Although the time of Richard’s arrival at the hospital is pretty well established, his demeanor was to become a matter of controversy. Depending on which description one accepts, Richard either strolled casually through the waiting room, winking and grinning at every woman in sight and casting hungry glances at each feminine chest and thigh (prosecution version); or (defense’s story) dashed hurriedly around the waiting room couches and chairs like a messenger from the Alamo in frantic search of reinforcements, took a white-knuckled grip on the edge of the reception counter, and announced breathlessly, “Someone help me. My wife is ill.” Whatever Richard’s posture, the duty nurse sent a male attendant with him into the parking lot, and the two men rolled Nancy through the entry in a wheelchair.
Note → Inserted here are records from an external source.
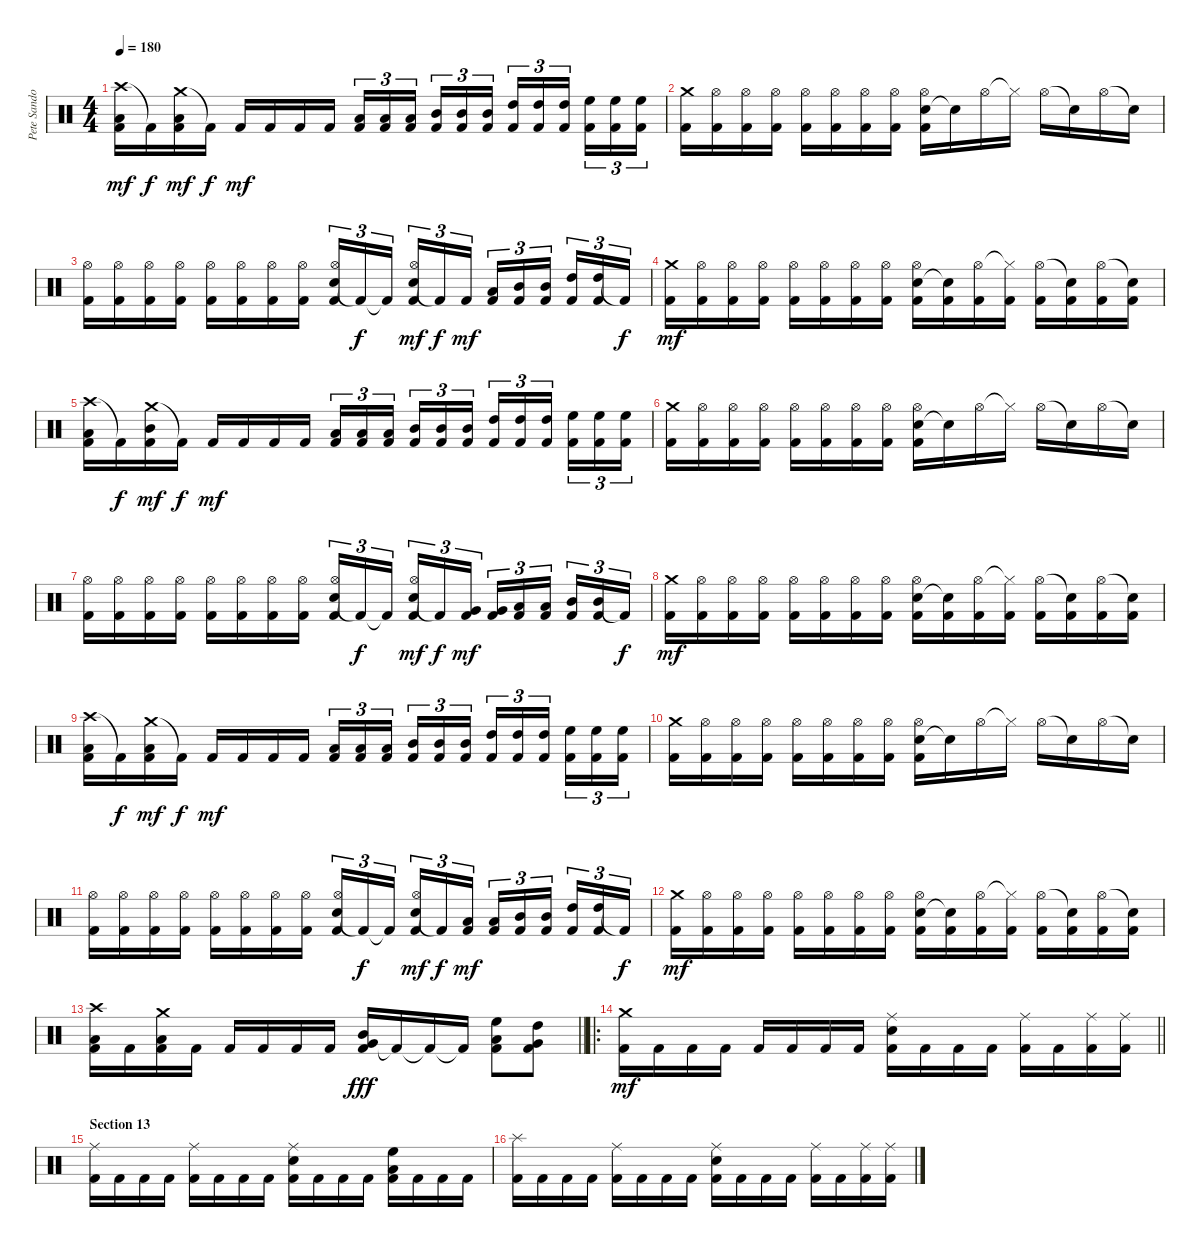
\track ("Pete Sandoval" "Pete Sando") {instrument percussion}
\staff {score}
\articulation defaults
\ts (4 4)
\tempo 180
\clef neutral
\ks c
("Crash high (hit)" "Low Tom (hit)" "Kick (hit) 2").16{dy mf} "Kick (hit) 2"{t}.16{dy f} ("Crash medium (hit)" "Low Tom (hit)" "Kick (hit) 2").16{dy mf} "Kick (hit) 2"{t}.16{dy f} "Kick (hit) 2".16{dy mf} "Kick (hit) 2".16 "Kick (hit) 2".16 "Kick (hit) 2".16 ("Low Tom (hit)" "Kick (hit) 2").16{tu (3 2)} ("Low Tom (hit)" "Kick (hit) 2").16{tu (3 2)} ("Low Tom (hit)" "Kick (hit) 2").16{tu (3 2) beam splitsecondary} ("Mid Tom (hit)" "Kick (hit) 2").16{tu (3 2)} ("Mid Tom (hit)" "Kick (hit) 2").16{tu (3 2)} ("Mid Tom (hit)" "Kick (hit) 2").16{tu (3 2)} ("High Tom (hit)" "Kick (hit) 2").16{tu (3 2)} ("High Tom (hit)" "Kick (hit) 2").16{tu (3 2)} ("High Tom (hit)" "Kick (hit) 2").16{tu (3 2) beam splitsecondary} ("High Floor Tom (hit)" "Kick (hit) 2").16{tu (3 2)} ("High Floor Tom (hit)" "Kick (hit) 2").16{tu (3 2)} ("High Floor Tom (hit)" "Kick (hit) 2").16{tu (3 2)} |
("Crash medium (hit)" "Kick (hit) 2").16 ("Hi-Hat (open)" "Kick (hit) 2").16 ("Hi-Hat (open)" "Kick (hit) 2").16 ("Hi-Hat (open)" "Kick (hit) 2").16 ("Hi-Hat (open)" "Kick (hit) 2").16 ("Hi-Hat (open)" "Kick (hit) 2").16 ("Hi-Hat (open)" "Kick (hit) 2").16 ("Hi-Hat (open)" "Kick (hit) 2").16 ("Snare (hit) 2" "Hi-Hat (open)" "Kick (hit) 2").16 "Snare (hit)"{t}.16 "Hi-Hat (open)".16 "Hi-Hat (closed)"{t}.16 "Hi-Hat (open)".16 "Snare (hit)"{t}.16 "Hi-Hat (open)".16 "Snare (hit)"{t}.16 |
("Hi-Hat (open)" "Kick (hit) 2").16 ("Hi-Hat (open)" "Kick (hit) 2").16 ("Hi-Hat (open)" "Kick (hit) 2").16 ("Hi-Hat (open)" "Kick (hit) 2").16 ("Hi-Hat (open)" "Kick (hit) 2").16 ("Hi-Hat (open)" "Kick (hit) 2").16 ("Hi-Hat (open)" "Kick (hit) 2").16 ("Hi-Hat (open)" "Kick (hit) 2").16 ("Snare (hit) 2" "Hi-Hat (open)" "Kick (hit) 2").16{tu (3 2)} "Kick (hit) 2"{t}.16{tu (3 2) dy f} "Kick (hit) 2"{t}.16{tu (3 2) beam splitsecondary} ("Snare (hit) 2" "Hi-Hat (open)" "Kick (hit) 2").16{tu (3 2) dy mf} "Kick (hit) 2"{t}.16{tu (3 2) dy f} "Kick (hit) 2".16{tu (3 2) dy mf} ("Low Tom (hit)" "Kick (hit) 2").16{tu (3 2)} ("Mid Tom (hit)" "Kick (hit) 2").16{tu (3 2)} ("Mid Tom (hit)" "Kick (hit) 2").16{tu (3 2) beam splitsecondary} ("High Tom (hit)" "Kick (hit) 2").16{tu (3 2)} ("High Tom (hit)" "Kick (hit) 2").16{tu (3 2)} "Kick (hit) 2"{t}.16{tu (3 2) dy f} |
("Crash medium (hit)" "Kick (hit) 2").16{dy mf} ("Hi-Hat (open)" "Kick (hit) 2").16 ("Hi-Hat (open)" "Kick (hit) 2").16 ("Hi-Hat (open)" "Kick (hit) 2").16 ("Hi-Hat (open)" "Kick (hit) 2").16 ("Hi-Hat (open)" "Kick (hit) 2").16 ("Hi-Hat (open)" "Kick (hit) 2").16 ("Hi-Hat (open)" "Kick (hit) 2").16 ("Snare (hit) 2" "Hi-Hat (open)" "Kick (hit) 2").16 ("Snare (hit)"{t} "Kick (hit) 2").16 ("Hi-Hat (open)" "Kick (hit) 2").16 ("Hi-Hat (closed)"{t} "Kick (hit) 2").16 ("Hi-Hat (open)" "Kick (hit) 2").16 ("Snare (hit)"{t} "Kick (hit) 2").16 ("Hi-Hat (open)" "Kick (hit) 2").16 ("Snare (hit)"{t} "Kick (hit) 2").16 |
("Crash high (hit)" "Low Tom (hit)" "Kick (hit) 2").16 "Kick (hit) 2"{t}.16{dy f} ("Crash medium (hit)" "Mid Tom (hit)" "Kick (hit) 2").16{dy mf} "Kick (hit) 2"{t}.16{dy f} "Kick (hit) 2".16{dy mf} "Kick (hit) 2".16 "Kick (hit) 2".16 "Kick (hit) 2".16 ("Low Tom (hit)" "Kick (hit) 2").16{tu (3 2)} ("Low Tom (hit)" "Kick (hit) 2").16{tu (3 2)} ("Low Tom (hit)" "Kick (hit) 2").16{tu (3 2) beam splitsecondary} ("Mid Tom (hit)" "Kick (hit) 2").16{tu (3 2)} ("Mid Tom (hit)" "Kick (hit) 2").16{tu (3 2)} ("Mid Tom (hit)" "Kick (hit) 2").16{tu (3 2)} ("High Tom (hit)" "Kick (hit) 2").16{tu (3 2)} ("High Tom (hit)" "Kick (hit) 2").16{tu (3 2)} ("High Tom (hit)" "Kick (hit) 2").16{tu (3 2) beam splitsecondary} ("High Floor Tom (hit)" "Kick (hit) 2").16{tu (3 2)} ("High Floor Tom (hit)" "Kick (hit) 2").16{tu (3 2)} ("High Floor Tom (hit)" "Kick (hit) 2").16{tu (3 2)} |
("Crash medium (hit)" "Kick (hit) 2").16 ("Hi-Hat (open)" "Kick (hit) 2").16 ("Hi-Hat (open)" "Kick (hit) 2").16 ("Hi-Hat (open)" "Kick (hit) 2").16 ("Hi-Hat (open)" "Kick (hit) 2").16 ("Hi-Hat (open)" "Kick (hit) 2").16 ("Hi-Hat (open)" "Kick (hit) 2").16 ("Hi-Hat (open)" "Kick (hit) 2").16 ("Snare (hit) 2" "Hi-Hat (open)" "Kick (hit) 2").16 "Snare (hit)"{t}.16 "Hi-Hat (open)".16 "Hi-Hat (closed)"{t}.16 "Hi-Hat (open)".16 "Snare (hit)"{t}.16 "Hi-Hat (open)".16 "Snare (hit)"{t}.16 |
("Hi-Hat (open)" "Kick (hit) 2").16 ("Hi-Hat (open)" "Kick (hit) 2").16 ("Hi-Hat (open)" "Kick (hit) 2").16 ("Hi-Hat (open)" "Kick (hit) 2").16 ("Hi-Hat (open)" "Kick (hit) 2").16 ("Hi-Hat (open)" "Kick (hit) 2").16 ("Hi-Hat (open)" "Kick (hit) 2").16 ("Hi-Hat (open)" "Kick (hit) 2").16 ("Snare (hit) 2" "Hi-Hat (open)" "Kick (hit) 2").16{tu (3 2)} "Kick (hit) 2"{t}.16{tu (3 2) dy f} "Kick (hit) 2"{t}.16{tu (3 2) beam splitsecondary} ("Snare (hit) 2" "Hi-Hat (open)" "Kick (hit) 2").16{tu (3 2) dy mf} "Kick (hit) 2"{t}.16{tu (3 2) dy f} ("Very Low Tom (hit)" "Kick (hit) 2").16{tu (3 2) dy mf} ("Very Low Tom (hit)" "Kick (hit) 2").16{tu (3 2)} ("Low Tom (hit)" "Kick (hit) 2").16{tu (3 2)} ("Low Tom (hit)" "Kick (hit) 2").16{tu (3 2) beam splitsecondary} ("Mid Tom (hit)" "Kick (hit) 2").16{tu (3 2)} ("Mid Tom (hit)" "Kick (hit) 2").16{tu (3 2)} "Kick (hit) 2"{t}.16{tu (3 2) dy f} |
("Crash medium (hit)" "Kick (hit) 2").16{dy mf} ("Hi-Hat (open)" "Kick (hit) 2").16 ("Hi-Hat (open)" "Kick (hit) 2").16 ("Hi-Hat (open)" "Kick (hit) 2").16 ("Hi-Hat (open)" "Kick (hit) 2").16 ("Hi-Hat (open)" "Kick (hit) 2").16 ("Hi-Hat (open)" "Kick (hit) 2").16 ("Hi-Hat (open)" "Kick (hit) 2").16 ("Snare (hit) 2" "Hi-Hat (open)" "Kick (hit) 2").16 ("Snare (hit)"{t} "Kick (hit) 2").16 ("Hi-Hat (open)" "Kick (hit) 2").16 ("Hi-Hat (closed)"{t} "Kick (hit) 2").16 ("Hi-Hat (open)" "Kick (hit) 2").16 ("Snare (hit)"{t} "Kick (hit) 2").16 ("Hi-Hat (open)" "Kick (hit) 2").16 ("Snare (hit)"{t} "Kick (hit) 2").16 |
("Crash high (hit)" "Low Tom (hit)" "Kick (hit) 2").16 "Kick (hit) 2"{t}.16{dy f} ("Crash medium (hit)" "Low Tom (hit)" "Kick (hit) 2").16{dy mf} "Kick (hit) 2"{t}.16{dy f} "Kick (hit) 2".16{dy mf} "Kick (hit) 2".16 "Kick (hit) 2".16 "Kick (hit) 2".16 ("Low Tom (hit)" "Kick (hit) 2").16{tu (3 2)} ("Low Tom (hit)" "Kick (hit) 2").16{tu (3 2)} ("Low Tom (hit)" "Kick (hit) 2").16{tu (3 2) beam splitsecondary} ("Mid Tom (hit)" "Kick (hit) 2").16{tu (3 2)} ("Mid Tom (hit)" "Kick (hit) 2").16{tu (3 2)} ("Mid Tom (hit)" "Kick (hit) 2").16{tu (3 2)} ("High Tom (hit)" "Kick (hit) 2").16{tu (3 2)} ("High Tom (hit)" "Kick (hit) 2").16{tu (3 2)} ("High Tom (hit)" "Kick (hit) 2").16{tu (3 2) beam splitsecondary} ("High Floor Tom (hit)" "Kick (hit) 2").16{tu (3 2)} ("High Floor Tom (hit)" "Kick (hit) 2").16{tu (3 2)} ("High Floor Tom (hit)" "Kick (hit) 2").16{tu (3 2)} |
("Crash medium (hit)" "Kick (hit) 2").16 ("Hi-Hat (open)" "Kick (hit) 2").16 ("Hi-Hat (open)" "Kick (hit) 2").16 ("Hi-Hat (open)" "Kick (hit) 2").16 ("Hi-Hat (open)" "Kick (hit) 2").16 ("Hi-Hat (open)" "Kick (hit) 2").16 ("Hi-Hat (open)" "Kick (hit) 2").16 ("Hi-Hat (open)" "Kick (hit) 2").16 ("Snare (hit) 2" "Hi-Hat (open)" "Kick (hit) 2").16 "Snare (hit)"{t}.16 "Hi-Hat (open)".16 "Hi-Hat (closed)"{t}.16 "Hi-Hat (open)".16 "Snare (hit)"{t}.16 "Hi-Hat (open)".16 "Snare (hit)"{t}.16 |
("Hi-Hat (open)" "Kick (hit) 2").16 ("Hi-Hat (open)" "Kick (hit) 2").16 ("Hi-Hat (open)" "Kick (hit) 2").16 ("Hi-Hat (open)" "Kick (hit) 2").16 ("Hi-Hat (open)" "Kick (hit) 2").16 ("Hi-Hat (open)" "Kick (hit) 2").16 ("Hi-Hat (open)" "Kick (hit) 2").16 ("Hi-Hat (open)" "Kick (hit) 2").16 ("Snare (hit) 2" "Hi-Hat (open)" "Kick (hit) 2").16{tu (3 2)} "Kick (hit) 2"{t}.16{tu (3 2) dy f} "Kick (hit) 2"{t}.16{tu (3 2) beam splitsecondary} ("Snare (hit) 2" "Hi-Hat (open)" "Kick (hit) 2").16{tu (3 2) dy mf} "Kick (hit) 2"{t}.16{tu (3 2) dy f} ("Low Tom (hit)" "Kick (hit) 2").16{tu (3 2) dy mf} ("Low Tom (hit)" "Kick (hit) 2").16{tu (3 2)} ("Mid Tom (hit)" "Kick (hit) 2").16{tu (3 2)} ("Mid Tom (hit)" "Kick (hit) 2").16{tu (3 2) beam splitsecondary} ("High Tom (hit)" "Kick (hit) 2").16{tu (3 2)} ("High Tom (hit)" "Kick (hit) 2").16{tu (3 2)} "Kick (hit) 2"{t}.16{tu (3 2) dy f} |
("Crash medium (hit)" "Kick (hit) 2").16{dy mf} ("Hi-Hat (open)" "Kick (hit) 2").16 ("Hi-Hat (open)" "Kick (hit) 2").16 ("Hi-Hat (open)" "Kick (hit) 2").16 ("Hi-Hat (open)" "Kick (hit) 2").16 ("Hi-Hat (open)" "Kick (hit) 2").16 ("Hi-Hat (open)" "Kick (hit) 2").16 ("Hi-Hat (open)" "Kick (hit) 2").16 ("Snare (hit) 2" "Hi-Hat (open)" "Kick (hit) 2").16 ("Snare (hit)"{t} "Kick (hit) 2").16 ("Hi-Hat (open)" "Kick (hit) 2").16 ("Hi-Hat (closed)"{t} "Kick (hit) 2").16 ("Hi-Hat (open)" "Kick (hit) 2").16 ("Snare (hit)"{t} "Kick (hit) 2").16 ("Hi-Hat (open)" "Kick (hit) 2").16 ("Snare (hit)"{t} "Kick (hit) 2").16 |
\barLineRight lightlight
("Crash high (hit)" "Low Tom (hit)" "Kick (hit) 2").16 "Kick (hit) 2".16 ("Crash medium (hit)" "Low Tom (hit)" "Kick (hit) 2").16 "Kick (hit) 2".16 "Kick (hit) 2".16 "Kick (hit) 2".16 "Kick (hit) 2".16 "Kick (hit) 2".16 ("Very Low Tom (hit)" "Mid Tom (hit)" "Kick (hit) 2").16{dy fff} "Kick (hit) 2"{t}.16 "Kick (hit) 2"{t}.16 "Kick (hit) 2"{t}.16 ("High Floor Tom (hit)" "Low Tom (hit)" "Kick (hit) 2").8 ("High Tom (hit)" "Very Low Tom (hit)" "Kick (hit) 2").8 |
\ro
\barLineRight lightlight
("Crash medium (hit)" "Kick (hit) 2").16{dy mf} "Kick (hit) 2".16 "Kick (hit) 2".16 "Kick (hit) 2".16 "Kick (hit) 2".16 "Kick (hit) 2".16 "Kick (hit) 2".16 "Kick (hit) 2".16 ("Snare (hit) 2" "Ride (middle)" "Kick (hit) 2").16 "Kick (hit) 2".16 "Kick (hit) 2".16 "Kick (hit) 2".16 ("Ride (middle)" "Kick (hit) 2").16 "Kick (hit) 2".16 ("Ride (middle)" "Kick (hit) 2").16 ("Ride (middle)" "Kick (hit) 2").16 |
\section ("" "Section 13")
("Ride (middle)" "Kick (hit) 2").16 "Kick (hit) 2".16 "Kick (hit) 2".16 "Kick (hit) 2".16 ("Ride (middle)" "Kick (hit) 2").16 "Kick (hit) 2".16 "Kick (hit) 2".16 "Kick (hit) 2".16 ("Snare (hit) 2" "Ride (middle)" "Kick (hit) 2").16 "Kick (hit) 2".16 "Kick (hit) 2".16 "Kick (hit) 2".16 ("High Floor Tom (hit)" "Low Tom (hit)" "Kick (hit) 2").16 "Kick (hit) 2".16 "Kick (hit) 2".16 "Kick (hit) 2".16 |
("Splash (hit)" "Kick (hit) 2").16 "Kick (hit) 2".16 "Kick (hit) 2".16 "Kick (hit) 2".16 ("Ride (middle)" "Kick (hit) 2").16 "Kick (hit) 2".16 "Kick (hit) 2".16 "Kick (hit) 2".16 ("Snare (hit) 2" "Ride (middle)" "Kick (hit) 2").16 "Kick (hit) 2".16 "Kick (hit) 2".16 "Kick (hit) 2".16 ("Ride (middle)" "Kick (hit) 2").16 "Kick (hit) 2".16 ("Ride (middle)" "Kick (hit) 2").16 ("Ride (middle)" "Kick (hit) 2").16

While Richard’s outward attitude in the waiting room is pretty well up for grabs, Nancy’s appearance is not. Her pretty brown short-cut hair was disheveled, her complexion pale, her mouth slack in discomfort and pain. Her brown eyes appeared glazed over; her lids drooped at groggy half-mast. At close intervals her body shook as she retched and gagged, and in between gagging and retching she uttered a series of moans. At one point, Richard encircled her upper body with a cloth strap in order to keep her upright in the wheelchair. The hospital staff allowed Nancy to sit in the waiting room in this condition for better than three-quarters of an hour while waiting-room occupants glanced nervously at the young woman in the wheelchair and exchanged disturbed looks among themselves. The delay was in part due to staff availability, and in part due to Richard’s slowness in the filling out of the hospital’s medical history and insurance forms. Hospital emergency room records show that by the time Presbyterian was assured that it was going to get its money, thus clearing the way for the deathly ill Nancy Dillard Lyon to enter the patient care area behind the reception desk, it was 1:55 in the morning.